Crawl-Delay support for robots.txt

scrapy / scrapy

Scrapy, a fast high-level web crawling & scraping framework for Python.

https://scrapy.org

BSD 3-Clause "New" or "Revised" License

52.27k stars 10.46k forks source link

Crawl-Delay support for robots.txt #892

Open kmike opened 9 years ago

kmike commented 9 years ago

Crawl-Delay directive in robots.txt looks useful. If it is present the delay suggested there looks like a good way to adjust crawling rate. When crawling unknown domains it can be better than autothrottle.

A draft implementation: https://gist.github.com/kmike/76aca46cad18915b8695

Some notes:

it may be useful to respect only Crawl-Delay but not User-Agent rules, so this middleware is not inherited from an existing middleware;
Crawl-Delay maps nicely to Scrapy downloader slots; it is possible to implement this feature without per-request download delays (see https://github.com/scrapy/scrapy/issues/802) for which semantics are unclear;
currently RobotsCrawlDelayMiddleware doesn't use User-Agent because UA set by Scrapy is quite arbitrary, but I'm not sure this is a right thing to do;
instead of stdlib robotparser https://github.com/seomoz/reppy is used; robotparser can't parse robots.txt with Crawl-Delay properly.

kmike commented 9 years ago

I've tried to run it for 2 broad crawl problems (different countries, totally different set of websites); in first case ~11% websites provided robots.txt files with Crawl-Delay directives; in second case the number was ~13%.

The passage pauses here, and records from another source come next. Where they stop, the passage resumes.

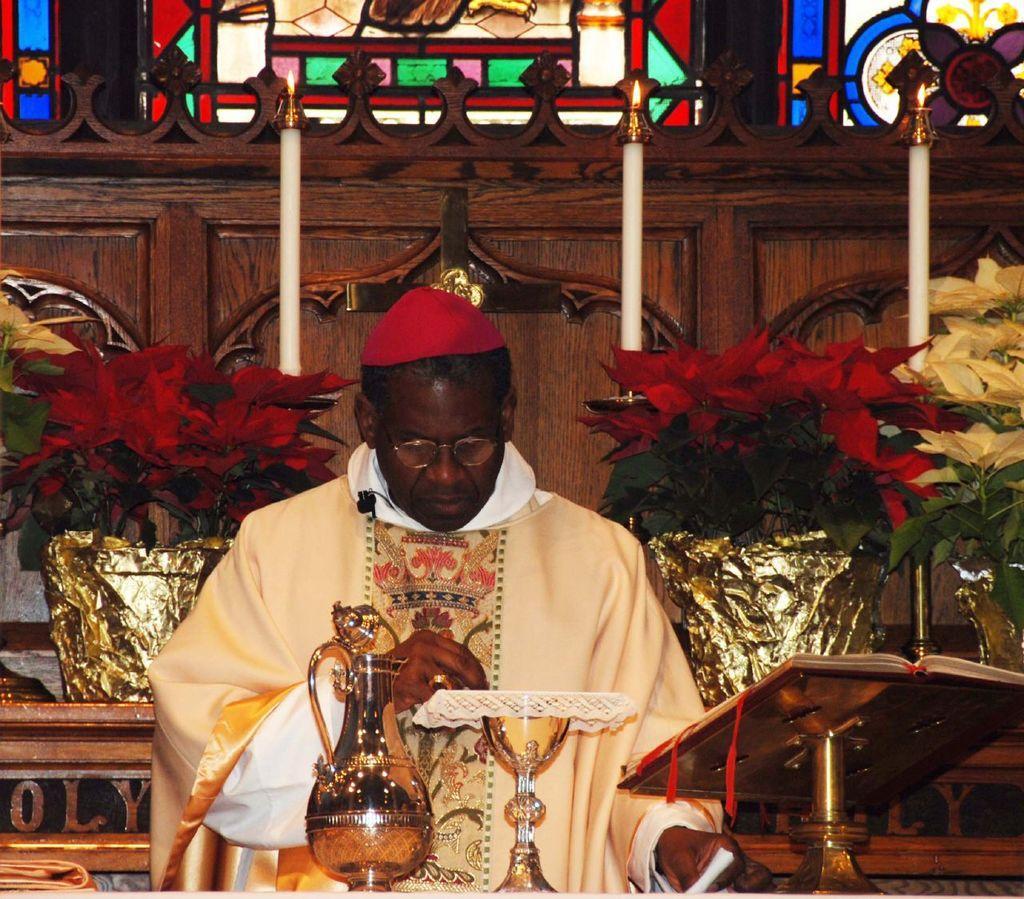How would you summarize this image in a sentence or two? In the middle of the image we can see a glass and jar. Behind them a man is standing. Behind the man there are some plants and candles and wall. 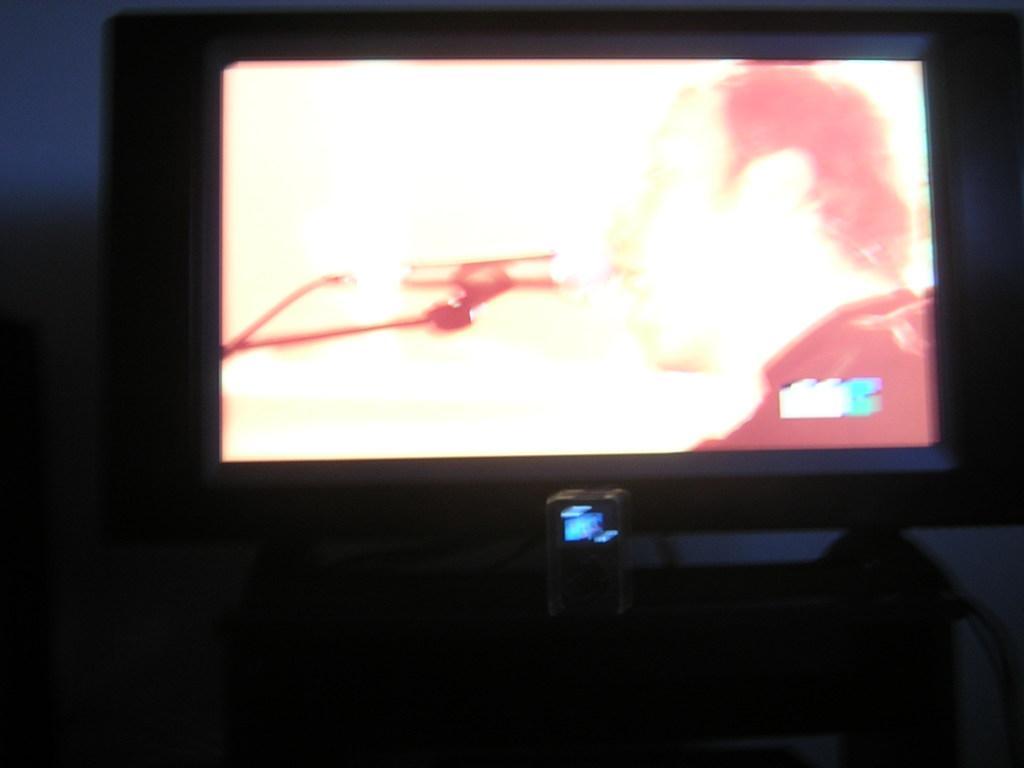How would you summarize this image in a sentence or two? In this image I can see the screen on the table. In the screen I can see the person. And there is a blue background. 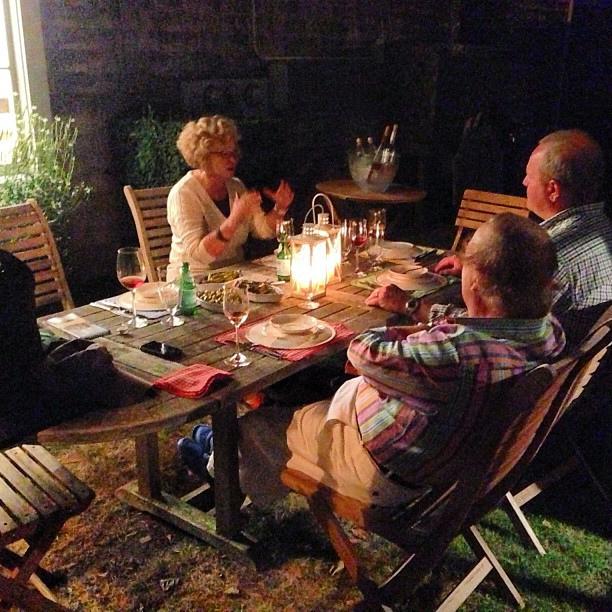How many red wines glasses are on the table?
Be succinct. 4. Are they planning to do something bad?
Short answer required. No. How many men at the table?
Concise answer only. 2. 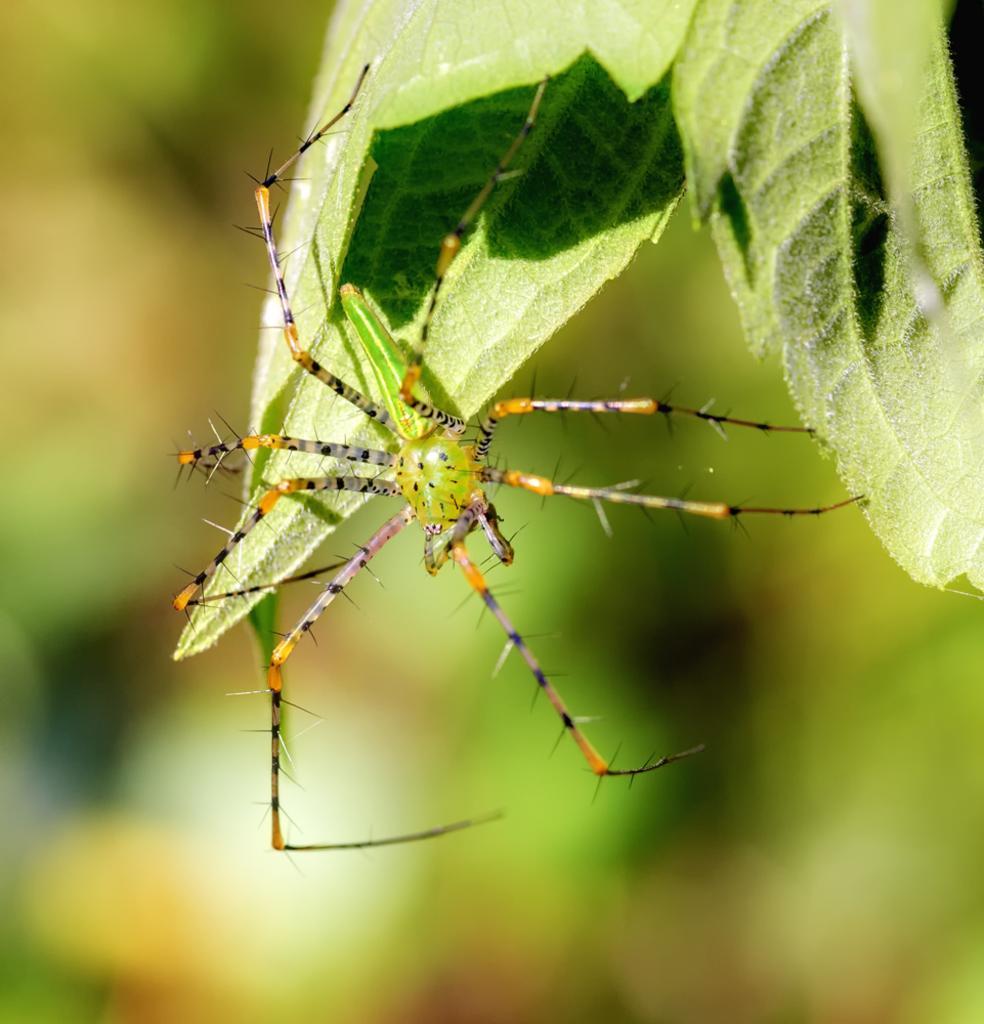Please provide a concise description of this image. In this image we can see an insect on leaves and the background is blurred.

asciidiego commented 4 years ago

How's this issue going @kmike ? Is there a PR for it?

Also, what about Visit-time?

Reference of arcane robotstxt directives: https://www.ctrl.blog/entry/arcane-robotstxt-directives.html

asciidiego commented 4 years ago

Maybe we should reference the following:

kmike commented 4 years ago

Thanks for the links @diegovincent. There is no PR for this feature yet; contributions are welcome!

dannyeuu commented 4 years ago

This will be a nice feature

asciidiego commented 4 years ago

@dannyeuu @kmike still nothing?

If that is the case, maybe @sergipastor, @sarafg11 or @psique want to take a look at this?

kmike commented 4 years ago

No updates @diegovincent.

fkromer commented 1 year ago

Scrapy uses protego as robots.txt file parser under the hood as default (ROBOTSTXT_PARSER). According to the protego readme example extracting the allowed crawl delay from robots.txt file is supported already. Seems like the abstract base class for robots.txt file parsers class RobotParser(metaclass=ABCMeta) does not support crawl delay yet.